▸ Directions for this task: Transcribe, word for word, all of the entries below, and exclude any pictures from the copy.

▸ Data items:
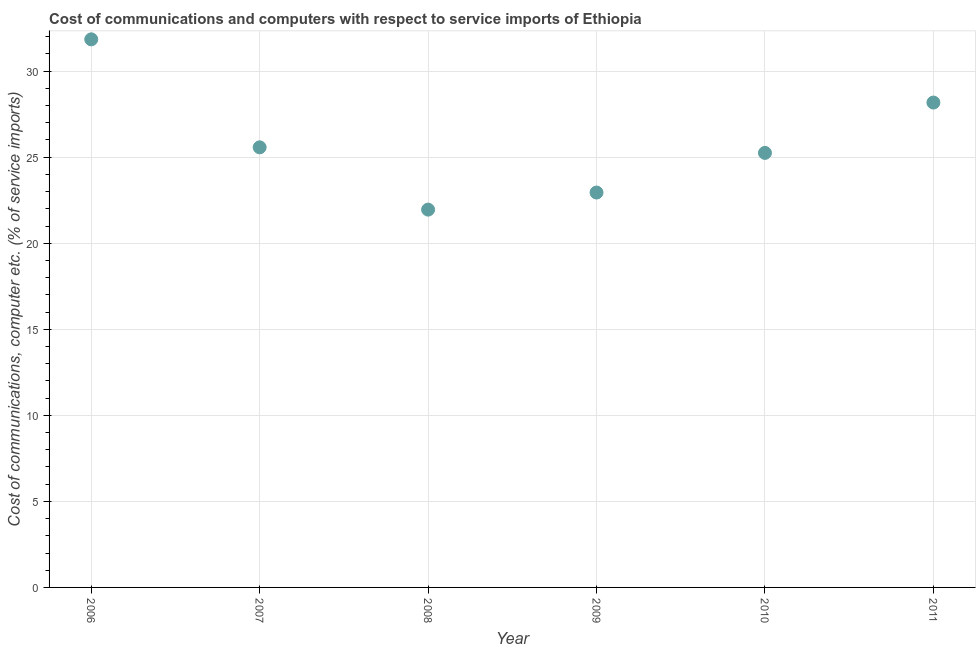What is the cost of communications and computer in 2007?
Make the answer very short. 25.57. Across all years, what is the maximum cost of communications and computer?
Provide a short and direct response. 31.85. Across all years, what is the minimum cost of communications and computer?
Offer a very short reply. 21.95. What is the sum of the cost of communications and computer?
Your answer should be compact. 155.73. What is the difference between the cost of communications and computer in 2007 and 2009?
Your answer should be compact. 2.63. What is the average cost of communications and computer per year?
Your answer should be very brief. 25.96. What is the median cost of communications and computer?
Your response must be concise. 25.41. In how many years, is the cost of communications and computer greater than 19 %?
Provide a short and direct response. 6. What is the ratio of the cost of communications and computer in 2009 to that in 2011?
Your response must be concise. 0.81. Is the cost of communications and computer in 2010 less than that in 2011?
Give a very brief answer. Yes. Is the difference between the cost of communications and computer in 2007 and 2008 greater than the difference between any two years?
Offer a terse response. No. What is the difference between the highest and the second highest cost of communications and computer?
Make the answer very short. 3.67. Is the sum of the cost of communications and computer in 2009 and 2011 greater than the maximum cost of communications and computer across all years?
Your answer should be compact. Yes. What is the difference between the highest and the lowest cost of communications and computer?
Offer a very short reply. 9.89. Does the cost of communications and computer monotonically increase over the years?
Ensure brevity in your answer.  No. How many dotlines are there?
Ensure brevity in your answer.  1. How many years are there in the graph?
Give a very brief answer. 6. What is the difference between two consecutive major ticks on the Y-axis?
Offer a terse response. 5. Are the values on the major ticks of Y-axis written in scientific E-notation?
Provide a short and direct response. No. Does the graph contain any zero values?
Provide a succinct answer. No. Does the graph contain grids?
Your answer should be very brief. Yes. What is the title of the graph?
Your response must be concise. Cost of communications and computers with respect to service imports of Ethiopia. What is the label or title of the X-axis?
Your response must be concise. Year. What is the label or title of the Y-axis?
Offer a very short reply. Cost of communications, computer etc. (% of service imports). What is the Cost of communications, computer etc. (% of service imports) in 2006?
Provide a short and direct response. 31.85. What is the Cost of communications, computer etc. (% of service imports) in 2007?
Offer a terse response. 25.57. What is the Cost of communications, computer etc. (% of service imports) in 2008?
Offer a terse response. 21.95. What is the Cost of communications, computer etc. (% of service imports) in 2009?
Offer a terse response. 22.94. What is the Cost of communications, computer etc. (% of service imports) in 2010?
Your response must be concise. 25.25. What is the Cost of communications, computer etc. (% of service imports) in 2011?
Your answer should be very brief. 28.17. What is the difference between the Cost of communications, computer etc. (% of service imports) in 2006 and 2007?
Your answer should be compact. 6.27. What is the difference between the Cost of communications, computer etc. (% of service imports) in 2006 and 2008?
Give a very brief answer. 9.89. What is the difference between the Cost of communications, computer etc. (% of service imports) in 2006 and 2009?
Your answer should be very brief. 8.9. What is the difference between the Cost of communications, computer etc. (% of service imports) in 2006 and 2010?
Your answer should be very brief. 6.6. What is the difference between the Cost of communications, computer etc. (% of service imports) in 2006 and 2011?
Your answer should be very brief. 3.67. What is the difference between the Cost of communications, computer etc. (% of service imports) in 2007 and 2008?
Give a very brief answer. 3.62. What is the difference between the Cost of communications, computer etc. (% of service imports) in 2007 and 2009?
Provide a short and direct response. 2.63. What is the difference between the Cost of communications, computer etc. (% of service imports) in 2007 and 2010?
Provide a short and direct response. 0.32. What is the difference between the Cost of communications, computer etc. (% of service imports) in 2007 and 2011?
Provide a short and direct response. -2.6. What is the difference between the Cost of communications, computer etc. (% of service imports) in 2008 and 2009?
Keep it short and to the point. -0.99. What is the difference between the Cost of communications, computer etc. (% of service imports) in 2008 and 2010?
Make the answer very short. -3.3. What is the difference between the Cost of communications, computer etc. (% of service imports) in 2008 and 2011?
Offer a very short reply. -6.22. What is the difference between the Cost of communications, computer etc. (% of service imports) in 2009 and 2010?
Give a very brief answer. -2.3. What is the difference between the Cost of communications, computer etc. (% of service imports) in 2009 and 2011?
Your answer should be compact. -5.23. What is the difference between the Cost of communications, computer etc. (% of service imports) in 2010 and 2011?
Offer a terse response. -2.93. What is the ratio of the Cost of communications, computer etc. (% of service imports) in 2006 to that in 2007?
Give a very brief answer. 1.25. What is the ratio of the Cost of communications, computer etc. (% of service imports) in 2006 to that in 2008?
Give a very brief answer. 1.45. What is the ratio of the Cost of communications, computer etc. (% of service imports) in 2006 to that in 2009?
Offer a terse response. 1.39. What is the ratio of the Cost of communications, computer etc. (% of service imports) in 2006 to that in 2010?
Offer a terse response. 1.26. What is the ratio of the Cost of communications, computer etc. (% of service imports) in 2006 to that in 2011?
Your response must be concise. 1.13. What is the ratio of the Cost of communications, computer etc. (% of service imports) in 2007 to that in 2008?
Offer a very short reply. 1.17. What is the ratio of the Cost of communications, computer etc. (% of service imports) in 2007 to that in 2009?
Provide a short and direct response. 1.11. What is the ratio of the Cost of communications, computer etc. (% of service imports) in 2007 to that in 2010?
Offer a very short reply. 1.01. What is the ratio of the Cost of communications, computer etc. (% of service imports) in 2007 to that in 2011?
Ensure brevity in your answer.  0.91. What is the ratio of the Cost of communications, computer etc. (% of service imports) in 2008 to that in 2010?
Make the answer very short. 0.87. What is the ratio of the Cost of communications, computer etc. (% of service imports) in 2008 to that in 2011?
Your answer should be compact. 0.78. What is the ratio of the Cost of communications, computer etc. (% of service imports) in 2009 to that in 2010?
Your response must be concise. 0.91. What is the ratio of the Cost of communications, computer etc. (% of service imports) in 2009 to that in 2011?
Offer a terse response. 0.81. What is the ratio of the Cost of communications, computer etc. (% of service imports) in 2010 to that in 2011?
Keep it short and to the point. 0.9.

▸ Final answer:
What is the cost of communications and computer in 2007?
Make the answer very short. 25.57. Across all years, what is the maximum cost of communications and computer?
Provide a short and direct response. 31.85. Across all years, what is the minimum cost of communications and computer?
Offer a very short reply. 21.95. What is the sum of the cost of communications and computer?
Your answer should be compact. 155.73. What is the difference between the cost of communications and computer in 2007 and 2009?
Your answer should be compact. 2.63. What is the average cost of communications and computer per year?
Your answer should be very brief. 25.96. What is the median cost of communications and computer?
Your response must be concise. 25.41. In how many years, is the cost of communications and computer greater than 19 %?
Provide a short and direct response. 6. What is the ratio of the cost of communications and computer in 2009 to that in 2011?
Your response must be concise. 0.81. Is the cost of communications and computer in 2010 less than that in 2011?
Give a very brief answer. Yes. Is the difference between the cost of communications and computer in 2007 and 2008 greater than the difference between any two years?
Offer a terse response. No. What is the difference between the highest and the second highest cost of communications and computer?
Make the answer very short. 3.67. Is the sum of the cost of communications and computer in 2009 and 2011 greater than the maximum cost of communications and computer across all years?
Your answer should be compact. Yes. What is the difference between the highest and the lowest cost of communications and computer?
Offer a very short reply. 9.89. Does the cost of communications and computer monotonically increase over the years?
Ensure brevity in your answer.  No. How many dotlines are there?
Ensure brevity in your answer.  1. How many years are there in the graph?
Give a very brief answer. 6. What is the difference between two consecutive major ticks on the Y-axis?
Offer a terse response. 5. Are the values on the major ticks of Y-axis written in scientific E-notation?
Provide a short and direct response. No. Does the graph contain any zero values?
Provide a succinct answer. No. Does the graph contain grids?
Your answer should be very brief. Yes. What is the title of the graph?
Your response must be concise. Cost of communications and computers with respect to service imports of Ethiopia. What is the label or title of the X-axis?
Your response must be concise. Year. What is the label or title of the Y-axis?
Offer a very short reply. Cost of communications, computer etc. (% of service imports). What is the Cost of communications, computer etc. (% of service imports) in 2006?
Provide a short and direct response. 31.85. What is the Cost of communications, computer etc. (% of service imports) in 2007?
Offer a terse response. 25.57. What is the Cost of communications, computer etc. (% of service imports) in 2008?
Offer a terse response. 21.95. What is the Cost of communications, computer etc. (% of service imports) in 2009?
Offer a terse response. 22.94. What is the Cost of communications, computer etc. (% of service imports) in 2010?
Your response must be concise. 25.25. What is the Cost of communications, computer etc. (% of service imports) in 2011?
Your answer should be very brief. 28.17. What is the difference between the Cost of communications, computer etc. (% of service imports) in 2006 and 2007?
Your answer should be compact. 6.27. What is the difference between the Cost of communications, computer etc. (% of service imports) in 2006 and 2008?
Give a very brief answer. 9.89. What is the difference between the Cost of communications, computer etc. (% of service imports) in 2006 and 2009?
Your answer should be very brief. 8.9. What is the difference between the Cost of communications, computer etc. (% of service imports) in 2006 and 2010?
Your answer should be very brief. 6.6. What is the difference between the Cost of communications, computer etc. (% of service imports) in 2006 and 2011?
Your answer should be very brief. 3.67. What is the difference between the Cost of communications, computer etc. (% of service imports) in 2007 and 2008?
Give a very brief answer. 3.62. What is the difference between the Cost of communications, computer etc. (% of service imports) in 2007 and 2009?
Provide a short and direct response. 2.63. What is the difference between the Cost of communications, computer etc. (% of service imports) in 2007 and 2010?
Provide a short and direct response. 0.32. What is the difference between the Cost of communications, computer etc. (% of service imports) in 2007 and 2011?
Provide a short and direct response. -2.6. What is the difference between the Cost of communications, computer etc. (% of service imports) in 2008 and 2009?
Keep it short and to the point. -0.99. What is the difference between the Cost of communications, computer etc. (% of service imports) in 2008 and 2010?
Make the answer very short. -3.3. What is the difference between the Cost of communications, computer etc. (% of service imports) in 2008 and 2011?
Offer a very short reply. -6.22. What is the difference between the Cost of communications, computer etc. (% of service imports) in 2009 and 2010?
Give a very brief answer. -2.3. What is the difference between the Cost of communications, computer etc. (% of service imports) in 2009 and 2011?
Your answer should be compact. -5.23. What is the difference between the Cost of communications, computer etc. (% of service imports) in 2010 and 2011?
Offer a terse response. -2.93. What is the ratio of the Cost of communications, computer etc. (% of service imports) in 2006 to that in 2007?
Give a very brief answer. 1.25. What is the ratio of the Cost of communications, computer etc. (% of service imports) in 2006 to that in 2008?
Give a very brief answer. 1.45. What is the ratio of the Cost of communications, computer etc. (% of service imports) in 2006 to that in 2009?
Offer a terse response. 1.39. What is the ratio of the Cost of communications, computer etc. (% of service imports) in 2006 to that in 2010?
Offer a terse response. 1.26. What is the ratio of the Cost of communications, computer etc. (% of service imports) in 2006 to that in 2011?
Your response must be concise. 1.13. What is the ratio of the Cost of communications, computer etc. (% of service imports) in 2007 to that in 2008?
Offer a very short reply. 1.17. What is the ratio of the Cost of communications, computer etc. (% of service imports) in 2007 to that in 2009?
Provide a short and direct response. 1.11. What is the ratio of the Cost of communications, computer etc. (% of service imports) in 2007 to that in 2010?
Offer a very short reply. 1.01. What is the ratio of the Cost of communications, computer etc. (% of service imports) in 2007 to that in 2011?
Ensure brevity in your answer.  0.91. What is the ratio of the Cost of communications, computer etc. (% of service imports) in 2008 to that in 2010?
Make the answer very short. 0.87. What is the ratio of the Cost of communications, computer etc. (% of service imports) in 2008 to that in 2011?
Your answer should be compact. 0.78. What is the ratio of the Cost of communications, computer etc. (% of service imports) in 2009 to that in 2010?
Your response must be concise. 0.91. What is the ratio of the Cost of communications, computer etc. (% of service imports) in 2009 to that in 2011?
Offer a terse response. 0.81. What is the ratio of the Cost of communications, computer etc. (% of service imports) in 2010 to that in 2011?
Keep it short and to the point. 0.9.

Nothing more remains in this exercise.